INFORMATION SHOWN.
::::::::
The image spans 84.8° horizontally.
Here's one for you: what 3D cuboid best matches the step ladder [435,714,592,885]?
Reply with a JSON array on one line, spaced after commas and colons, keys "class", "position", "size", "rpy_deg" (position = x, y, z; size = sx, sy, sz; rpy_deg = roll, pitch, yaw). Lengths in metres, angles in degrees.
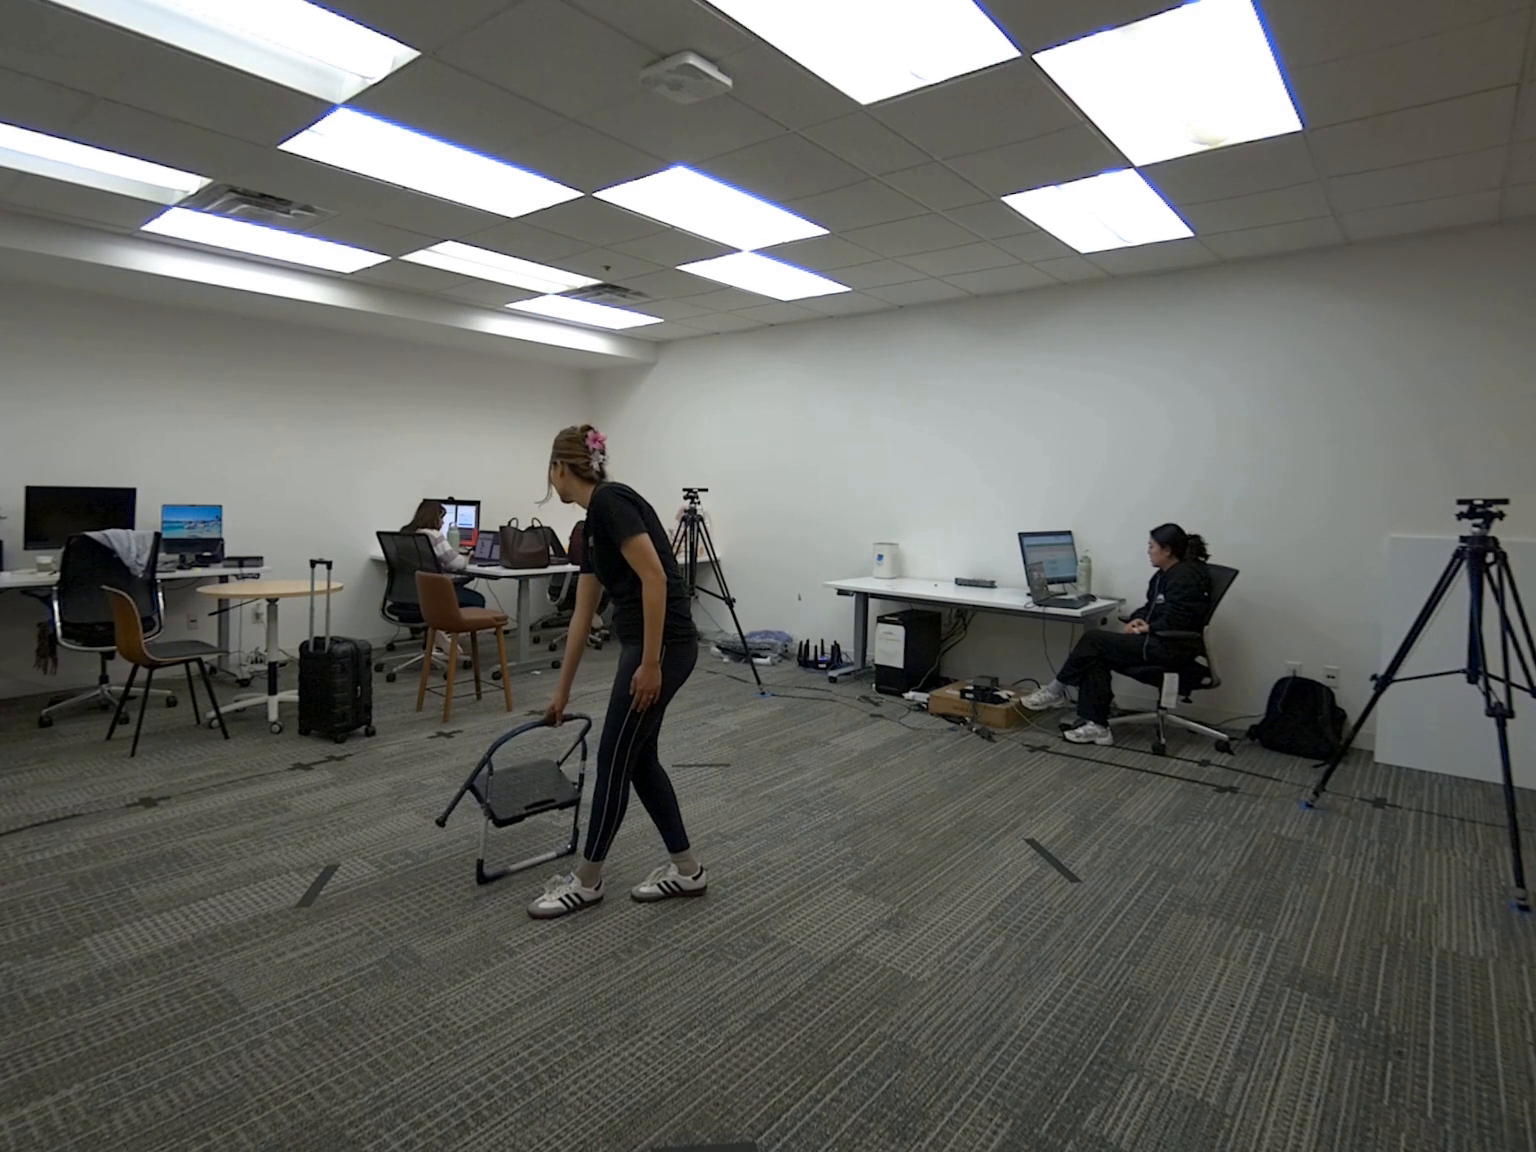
[{"class": "step ladder", "position": [-0.897, 0.719, 3.100], "size": [0.417, 0.600, 0.364], "rpy_deg": [-3, 31, -47]}]
::::::::
WORK TASK. Repeat the listing exactly; do not print any picture.

SOLUTION FOR THIS EXERCISE.
The image spans 84.8° horizontally.
Here's one for you: what 3D cuboid best matches the step ladder [435,714,592,885]?
Reply with a JSON array on one line, spaced after commas and colons, keys "class", "position", "size", "rpy_deg" (position = x, y, z; size = sx, sy, sz; rpy_deg = roll, pitch, yaw). Lengths in metres, angles in degrees.
[{"class": "step ladder", "position": [-0.897, 0.719, 3.100], "size": [0.417, 0.600, 0.364], "rpy_deg": [-3, 31, -47]}]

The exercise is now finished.